By incredible she meant regrettably colonial. My brother was intrigued. He chimed in.
“Can you believe we’re two percent Indian?”
Mom and I hesitated and looked at him.
“You know that we had an egg donor, right?”
“Yeah, like we weren’t in Mom’s stomach. We were in Lisa’s stomach, right?”
Dante had a slender grasp on science and an even slenderer grasp on women’s reproductive health. It seemed nit picky at that moment to explain to him that we’d never really been in anyone’s stomach at all. Mom had a hysterectomy at 23: the nuclear solution to her endometriosis. It was the mid '80s and it seemed that her doctor also had a slender grasp on women’s reproductive health.

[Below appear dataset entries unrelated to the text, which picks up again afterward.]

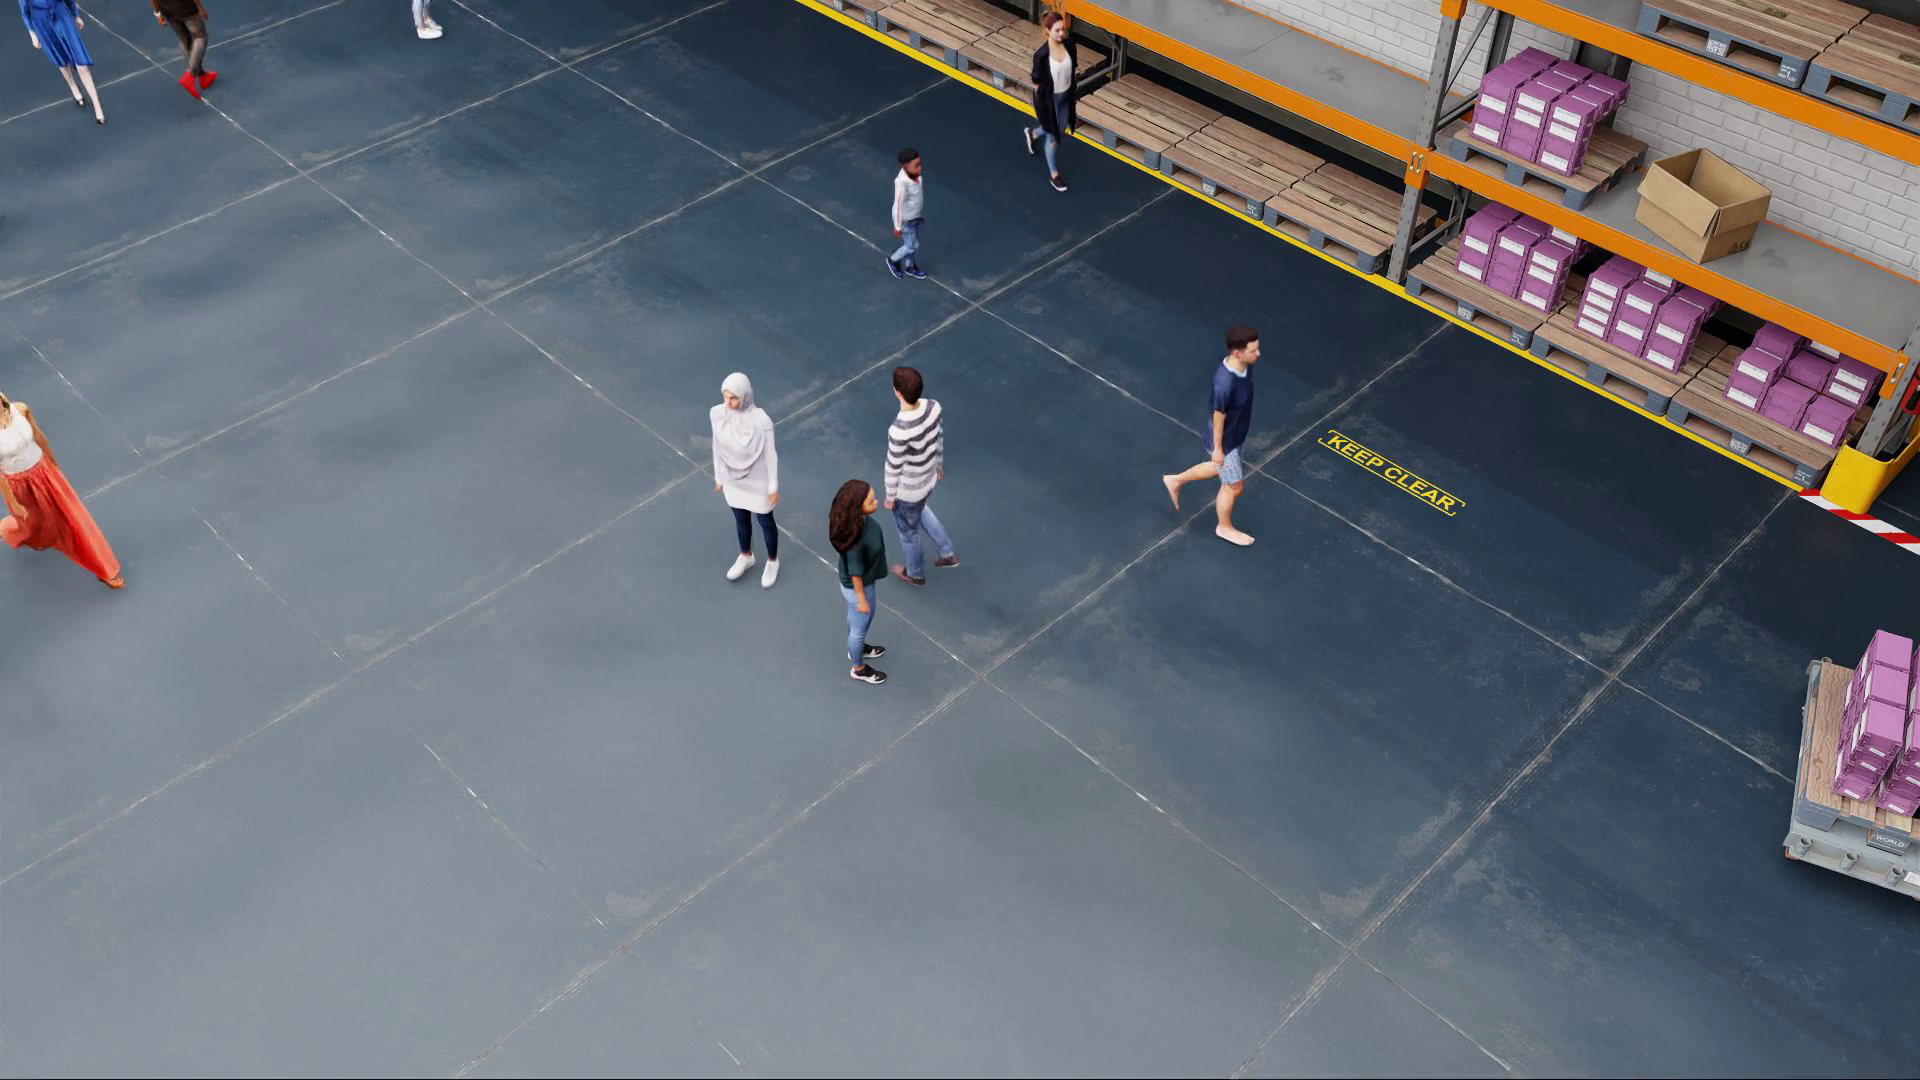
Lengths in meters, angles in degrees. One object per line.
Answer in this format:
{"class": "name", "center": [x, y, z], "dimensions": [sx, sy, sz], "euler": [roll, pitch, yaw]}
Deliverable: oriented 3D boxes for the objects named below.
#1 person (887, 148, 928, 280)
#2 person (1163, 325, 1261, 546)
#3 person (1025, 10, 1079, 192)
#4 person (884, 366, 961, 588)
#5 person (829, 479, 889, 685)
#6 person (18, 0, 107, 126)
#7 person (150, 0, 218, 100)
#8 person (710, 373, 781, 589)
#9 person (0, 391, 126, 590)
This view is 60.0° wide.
{"class": "person", "center": [-0.489, -2.789, 14.138], "dimensions": [0.643, 1.252, 0.572], "euler": [19, 47, 19]}
{"class": "person", "center": [1.789, -0.758, 11.587], "dimensions": [1.070, 1.827, 0.816], "euler": [20, 47, 20]}
{"class": "person", "center": [0.812, -4.048, 15.157], "dimensions": [0.777, 1.668, 1.029], "euler": [-22, 48, -21]}
{"class": "person", "center": [-0.237, -0.349, 11.150], "dimensions": [0.789, 1.839, 0.719], "euler": [25, 49, 24]}
{"class": "person", "center": [-0.651, 0.249, 10.684], "dimensions": [0.768, 1.616, 0.708], "euler": [0, 44, 0]}
{"class": "person", "center": [-8.703, -4.917, 15.992], "dimensions": [0.815, 1.774, 1.190], "euler": [-23, 48, -23]}
{"class": "person", "center": [-7.663, -5.158, 16.232], "dimensions": [1.013, 1.793, 1.048], "euler": [3, 44, 3]}
{"class": "person", "center": [-1.431, -0.412, 11.263], "dimensions": [0.626, 1.775, 0.757], "euler": [14, 45, 14]}
{"class": "person", "center": [-6.357, -0.395, 11.252], "dimensions": [1.272, 1.766, 0.929], "euler": [16, 46, 16]}

Years later, when it came time to have kids, Mom had had no choice but to outsource the operation. A friend of a friend had met a woman named Lisa who lived in LA and was open to the idea. CBS had recently run a program about surrogacy, so it was already in the cultural consciousness—chic in a sci-fi, start of the millennium sort of way.
My Mom popped the question and Lisa agreed. Shortly thereafter I was made in a lab, mixed in a dish. Then put to incubate in the empty uterus Lisa so graciously offered up. Nine months later I came out: perfect, bald, bright eyes, and fully baked.
My parents took me back to New York but Lisa kept in touch. She sent breast milk on ice and well wishes on all the big milestones. Three years later, she did the same for Dante. By then she was older and he was slightly more difficult, so Dante was fed formula. Then we moved. That’s when Mom came across a lactating neighbor. It wasn’t long before Dante was spending afternoons suckling on the nipple of a stranger.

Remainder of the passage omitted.